Открыток было две, пришли они с промежутком в два месяца. Он обнаружил их в почтовом ящике. Первую в октябре, в полдень. Как всегда, он специально заехал домой с работы, хотя уже почти потерял надежду. И нашел в глубине железного ящика маленький белый конверт, без адреса, без марки, без ничего. Сразу понял, что это от сына. Скорей разорвал бумагу: внутри был изумительный вид Лемана, с фонтаном Же-До и холмами Колоньи на заднем плане. Он читал и перечитывал:
Милый папочка,
надеюсь, с тобой все отлично.
Здесь все хорошо. Скоро расскажу.
Обнимаю,
твой сын
Перечитал снова, про себя и вслух, очень быстро и очень медленно, единым духом и по слогам, чтобы не упустить ни единого слова. В квартире он кричал, прыгал от радости, помчался в комнату сына, улегся в его кровать, обнимал одеяла, прижимал к себе подушки. Наконец-то весточка от обожаемого сына! Кинулся к фотографии Поля-Эмиля в рамке, с десяток раз поцеловал стекло. Значит, сын отказался воевать, уехал в безопасное место, в Женеву. Какое счастье, какое облегчение! Отец был на седьмом небе от счастья и почувствовал, что ему нужно с кем-то поделиться. Но поговорить было не с кем. Тогда он решил спуститься к консьержке и заколотил в дверь ее каморки, чтобы сообщить добрую весть. Вытащил ее из ванной и, стоя на пороге, прочел открытку вслух — ведь сама она не прочтет с нужным выражением, испортит прекрасные слова сына; к тому же пускай смотрит, но не трогает, мало ли в какую грязь она лазила руками.
— Он в безопасности, в Швейцарии! — воскликнул отец, дочитав. — Как вы думаете, что он там делает?
— Понятия не имею, — рассеянно ответила консьержка.

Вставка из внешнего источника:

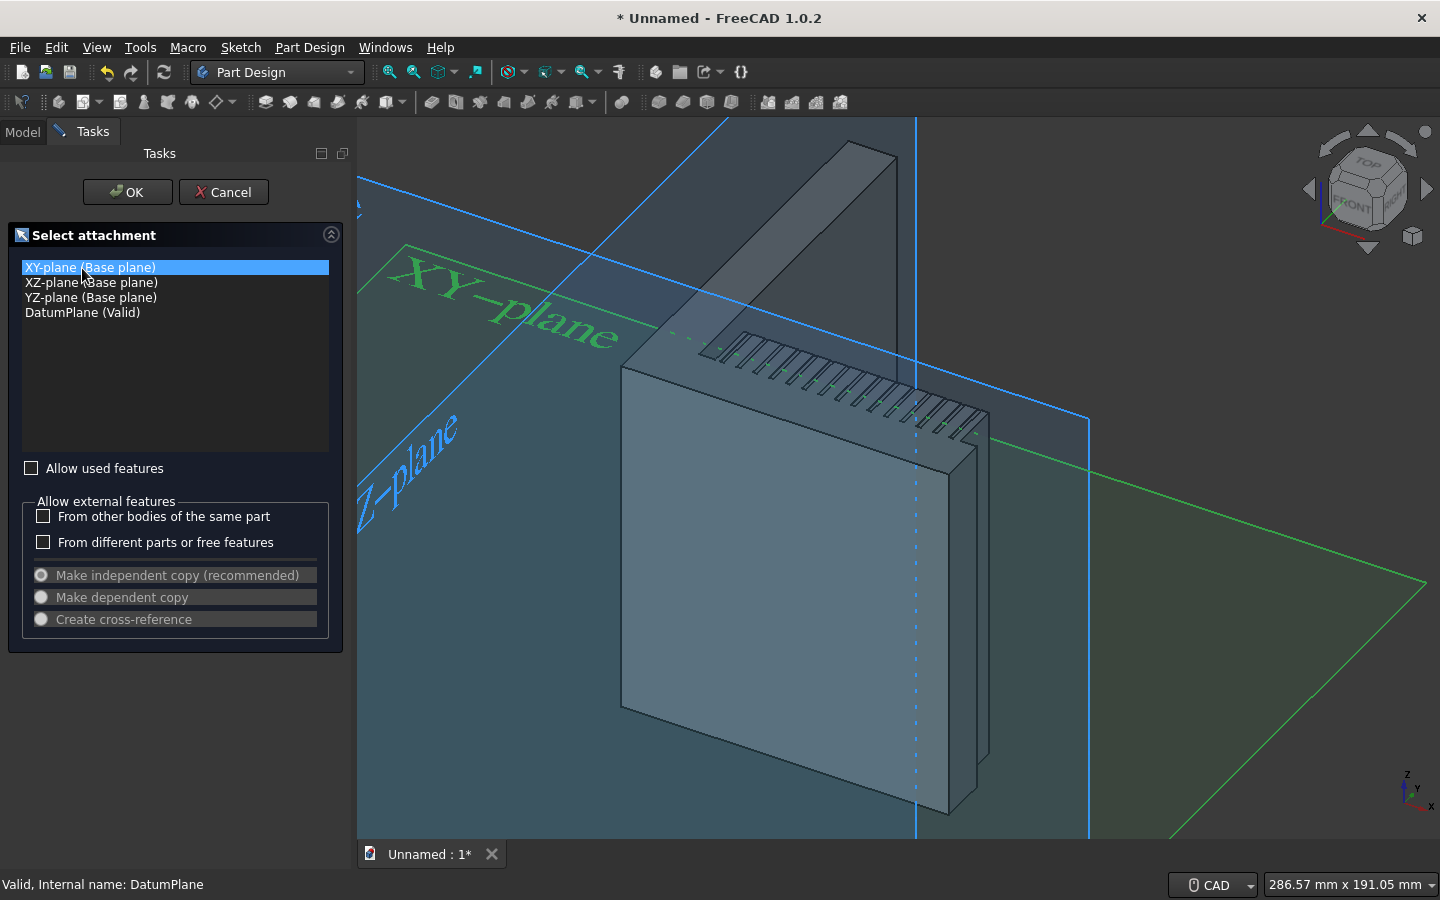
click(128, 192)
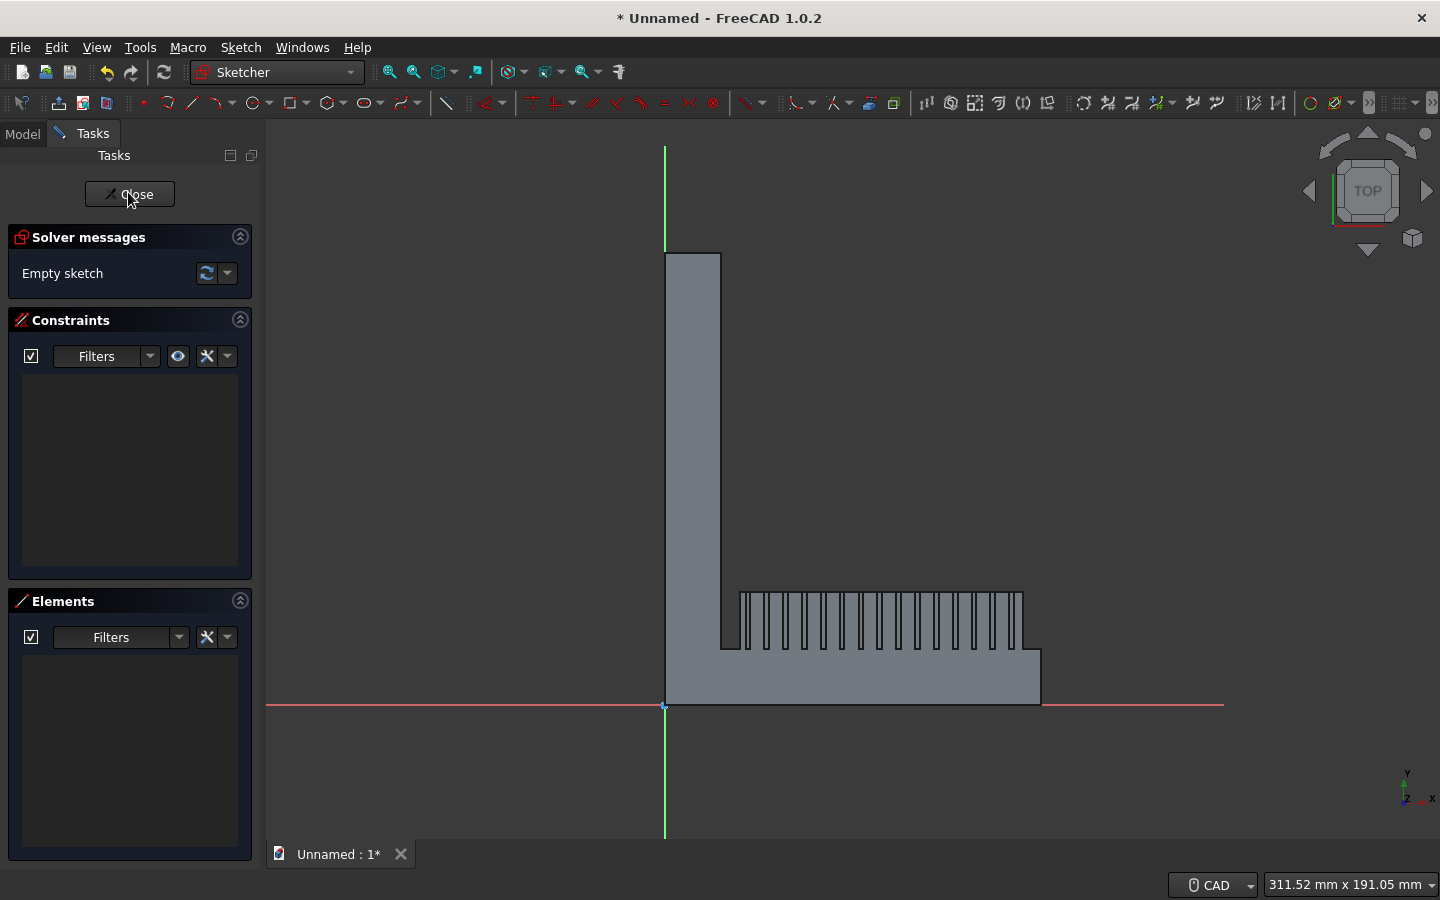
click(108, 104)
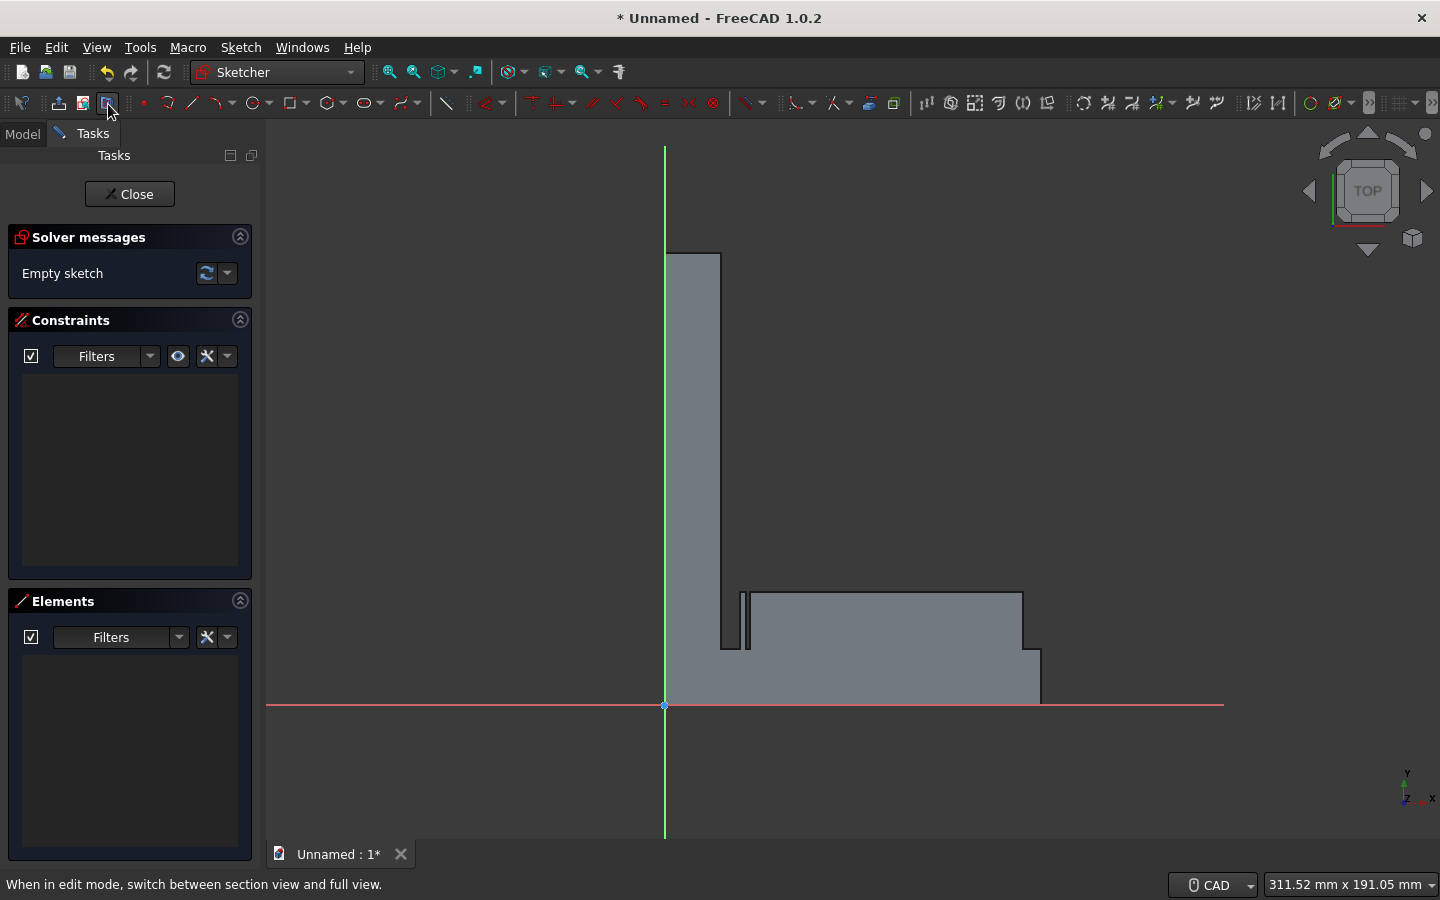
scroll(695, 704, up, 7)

У нее было только одно желание — избавиться от непрошеного гостя.
— Скажите же что-нибудь! Ну! Что он может делать в Женеве?
— У меня есть один знакомый, у него был знакомый, так тот жил в Швейцарии и работал в банке, — отозвалась женщина.
— В банке! — завопил отец, хлопнув себя по лбу. — Ну ра-зу-ме-ет-ся! Наверняка у него высокий пост в каком-нибудь банке! Вот видите, какие швейцарцы достойные люди: не теряют времени на войну.
И в следующие месяцы он представлял себе, как сын производит фурор в тихой конторе крупного банка.
Вторая открытка пришла недавно. С видом на площадь Нёв.
Милый папочка,
Я все время думаю о тебе. Все хорошо.
Крепко обнимаю.
Твой сын
Она была в таком же конверте, как и предыдущая, без адреса, без марки. В первый раз он не обратил на это внимания, но теперь пытался понять, как попали к нему эти письма. Может, Поль-Эмиль в Париже? Нет, он бы сам зашел его проведать. Ведь отец ни разу не забыл оставить дверь незапертой, значит, разминуться они не могли. Нет, сын точно был не в Париже, он был в Женеве. Но кто же тогда положил эти две открытки в почтовый ящик, если не сын? Он терялся в догадках.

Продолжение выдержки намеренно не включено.